The political subsystem of the social world requires an input of mass loyalty in order to produce an output, which consists of legitimate administrative decisions that are executed by the state. A rationality crisis is an output crisis that occurs when the state fails to meet the demands of the economy. A legitimation crisis, on the other hand, is an input crisis that occurs when "the legitimation system does not succeed in maintaining the requisite level of mass loyalty." It is an identity crisis in which administrations are unable to establish normative structures to the extent required for the entire system to function properly. As a result, the state suffers a loss of support by the public when the electorate judges its administration unaccountable. This loss of public confidence is one of many characteristics of a legitimation crisis, among them issues such as policy incoherence and loss of institutional will.

==Historical examples==
In the past, there have been many examples of social upheaval and systemic power exchanges that can be classified as legitimation crises. According to Habermas, these crises have all occurred as a natural consequence of society's productive advancement, as the social system struggles to adapt to the strains on relations of production. In other words, as a society's "technical knowledge" advances, the equilibrium is disturbed between the technical and political aspects of production, which can result in a crisis if the imbalance isn't corrected by adequate advancement of "moral-practical knowledge." A prime example of this is in the process of industrialization, where the establishment of factories and massive workforces often precedes the establishment of government regulations, workers' rights and labor unions. As sociologist Robert Merton explains, a group is most successful and stable when it is satisfied by the achievement of its institutional goals (technical/forces of production) and also with the institutional norms and regulations condoned to achieve those goals (moral-practical/relations of production). Therefore, in order to maintain legitimacy, a society, constituted by both the government and the governed, must engage in an ongoing and competitive reevaluation of its goals and norms to ensure they continue to satisfy the society's needs. The establishment of new social movements is essential to this process.

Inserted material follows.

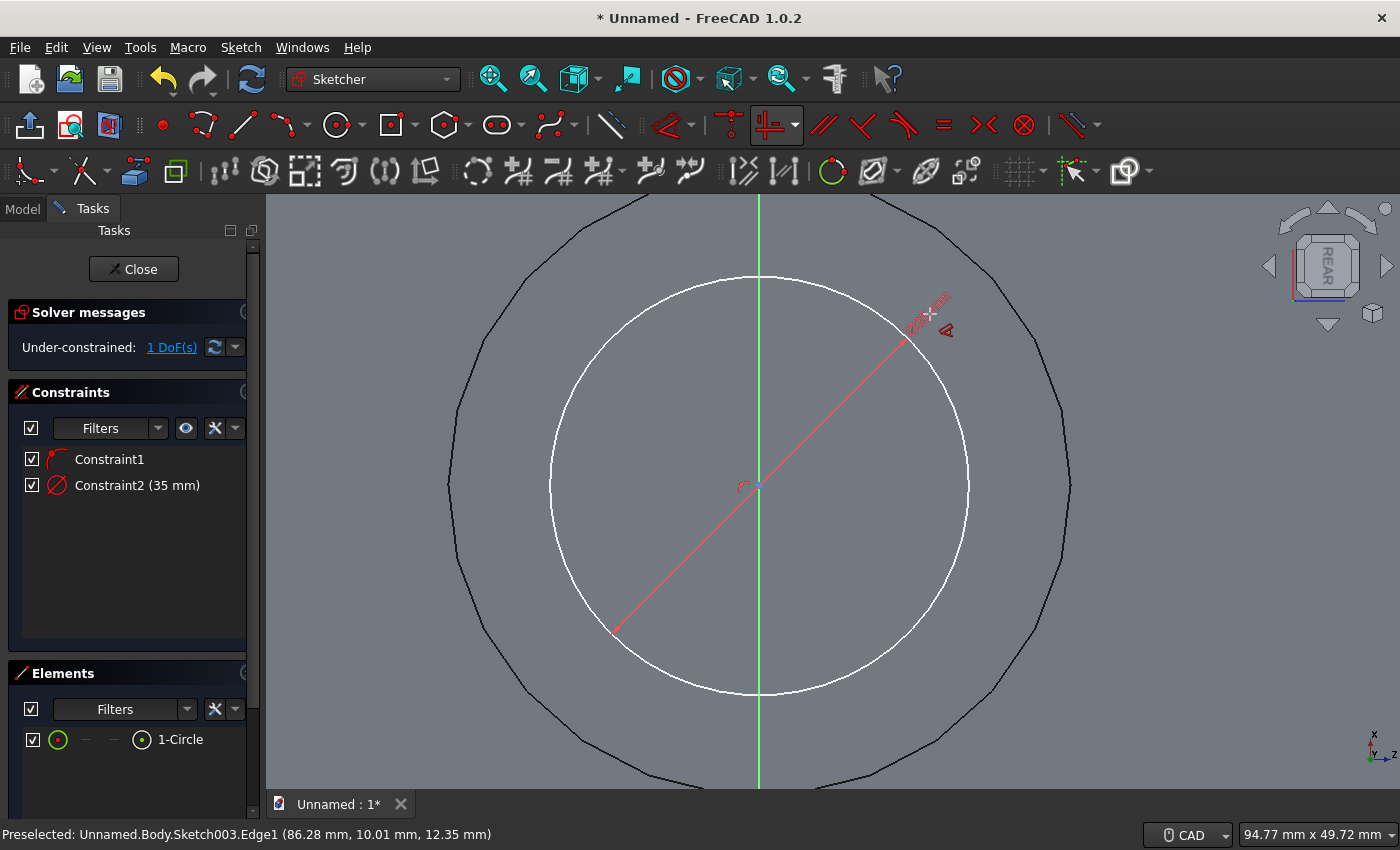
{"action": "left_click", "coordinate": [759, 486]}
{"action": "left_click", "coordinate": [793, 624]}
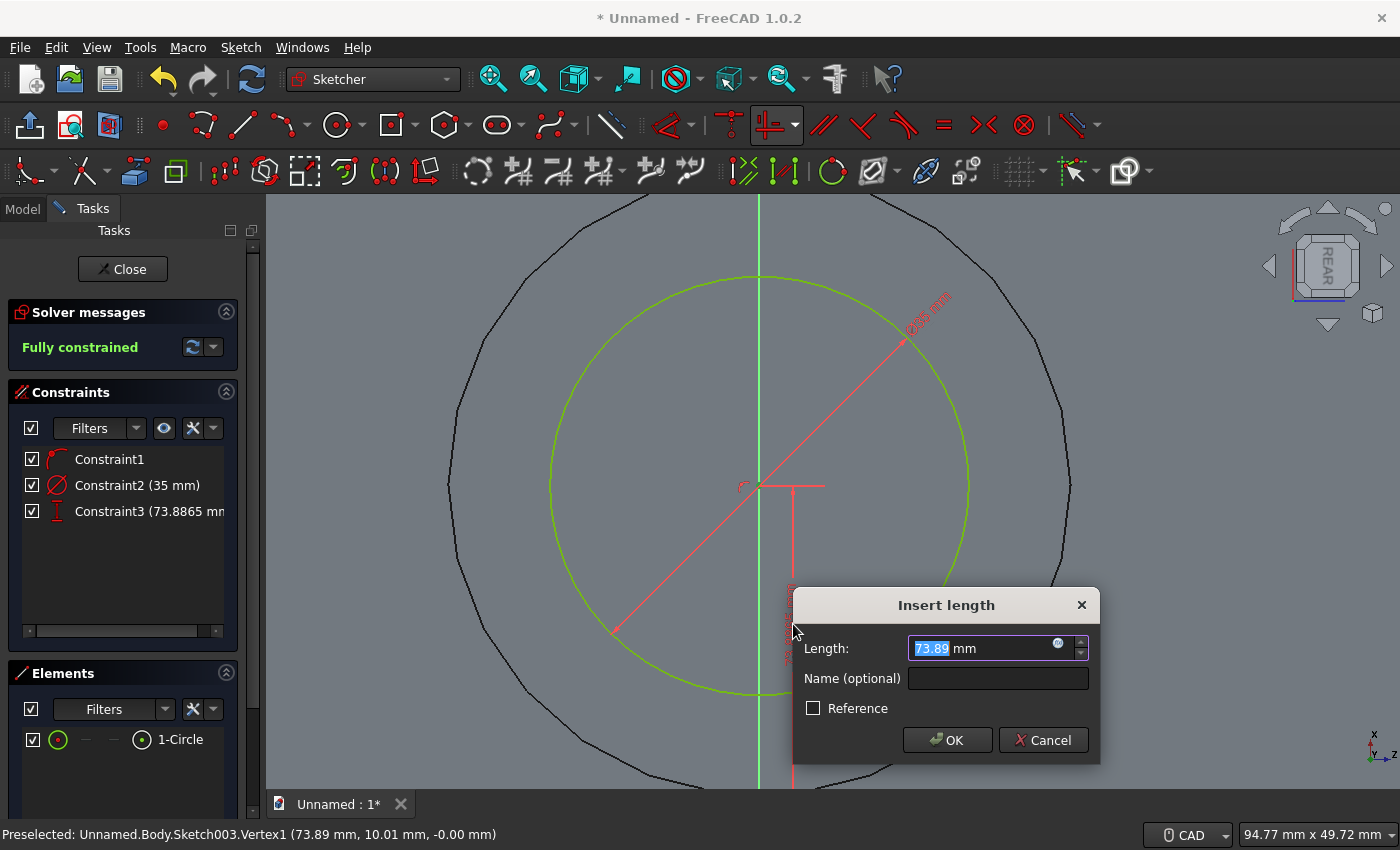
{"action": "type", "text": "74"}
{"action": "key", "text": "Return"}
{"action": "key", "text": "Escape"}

Historically, the most stable societies have been those that enjoy widespread acceptance of both the society's institutional goals and the means used to achieve them. In contrast, every crisis of legitimacy has occurred when a large and/or important portion of a society strongly disagrees with some or all aspects of the institutional norms, as established and advanced by a particular regime or government. When a government loses support, in this regard, it risks losing its legitimacy, as the public begins to question and doubt the grounds upon which the government's claim to power is built. In dealing with these crises, individuals and groups of individuals in the society resort to various modes of adjustment or adaptation. Historically, these have usually cropped up in the form of revolutions, coups and wars.

Additionally, the logic of legitimation strongly depends on the system of domination deployed. In fact, it's the logic of legitimation that informs the concrete ways citizens and subjects comply to authority and/or contend with authority. In other words, the basis for any claim to legitimacy is often the basis for resistance against that same claim to legitimacy. For example, in some societies the economic achievements under a particular regime or government form the basis for its legitimation claims; in those societies, counterclaims to legitimacy will often highlight economic failures in order to strategically undermine the regime or government's authority. Max Weber, who first advanced this point, summarizes it below:

every...system [of domination] attempts to establish and to cultivate the belief in its legitimacy. But according to the kind of legitimacy which is claimed, the type of obedience, the kind of administrative staff developed to guarantee it, and the mode of exercising authority, will all differ fundamentally.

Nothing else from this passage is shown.